10) Massive course navigation. (solved for my context but thought you could enjoy it). Design a home slide method for students to track your suite of mini courses of 1 hour each.

Love the community. I also know Captivate for work but use Storyline for my own work. The community is way too good. I am always learning and realize how little I know. Thank-you so much.

Veronica Budnikas

Here's my two cents:

Guess who? Board game: remember the board game where you had to guess who the other guy had, and vice versa? My kids play it now, but it is pretty ancient. Could we recreate in SL? What about other board games? 

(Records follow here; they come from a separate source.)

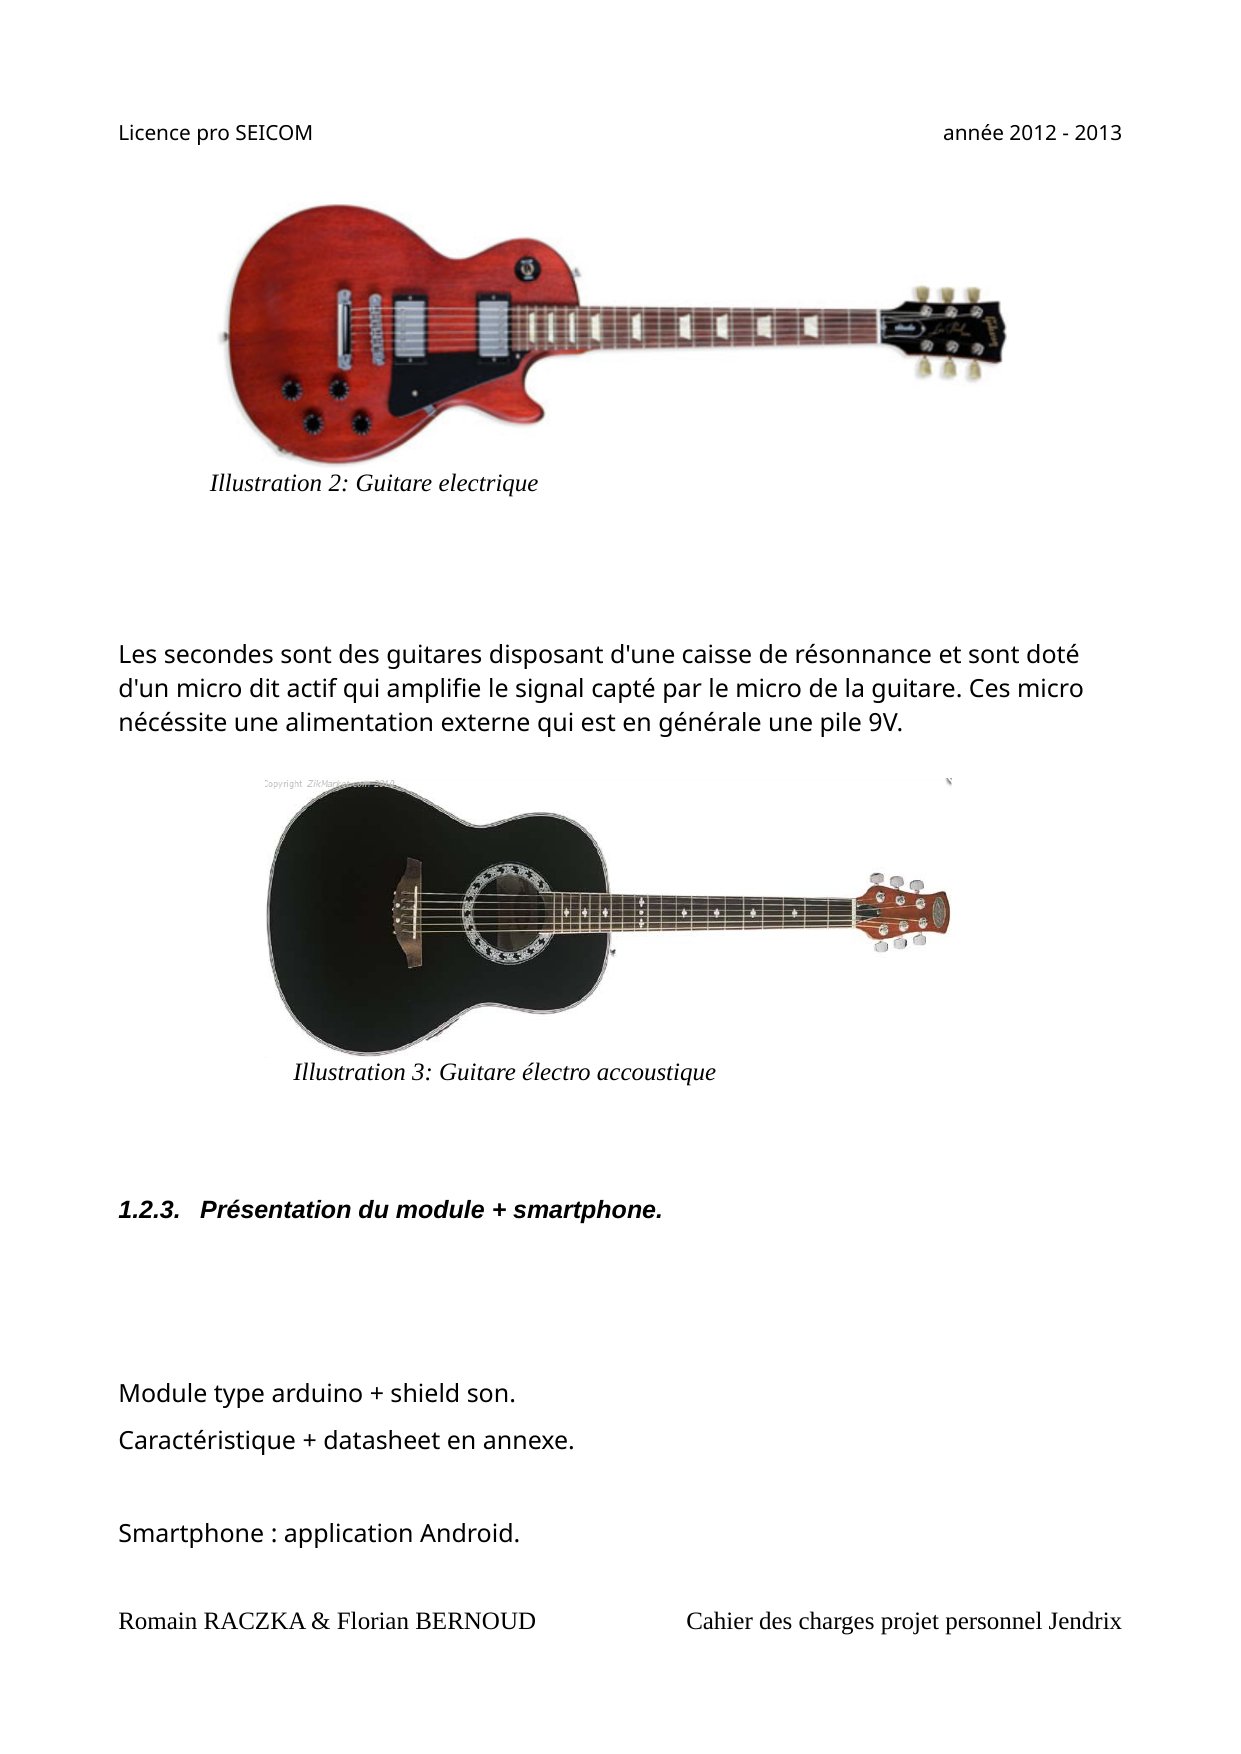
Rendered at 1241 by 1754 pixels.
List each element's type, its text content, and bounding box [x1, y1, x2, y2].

text Illustration 2: Guitare electrique [209, 468, 1009, 497]
picture [209, 201, 1009, 468]
subtitle Présentation du module + smartphone. [118, 1195, 1122, 1224]
text Smartphone : application Android. [118, 1516, 1122, 1550]
text Illustration 3: Guitare électro accoustique [293, 1058, 980, 1086]
picture [264, 778, 952, 1058]
text Module type arduino + shield son. [118, 1376, 1122, 1410]
text Les secondes sont des guitares disposant d'une caisse de résonnance et sont doté d'un micro dit actif qui amplifie le signal capté par le micro de la guitare. Ces micro nécéssite une alimentation externe qui est en générale une pile 9V. [118, 636, 1122, 738]
text Caractéristique + datasheet en annexe. [118, 1423, 1122, 1457]

Movie credits: When I watch movies I always take notice of the opening credits. Sometimes they are just ‘normal’ but now and again there’s a movie that has really cool credits, either great animation or font or music or something. I have one in mind  that I would love to recreate and I thought I could use it to do some sort of Induction piece, like ‘get to know the team’ (after all, credits are kinda like get to know the team that made the movie, right?). I think this one could be really creative!

David Anderson

Guess Who? Is a huge fave in our home. We play with our kid all the time and recently started making up our own characters. We're using images of family members and planning to move to historical figures. Love that idea!

The movie credits idea is interesting. That would certainly give folks an opportunity to flex their animation muscles.

Adding both to my challenge ed-cal. Thanks, Veronica!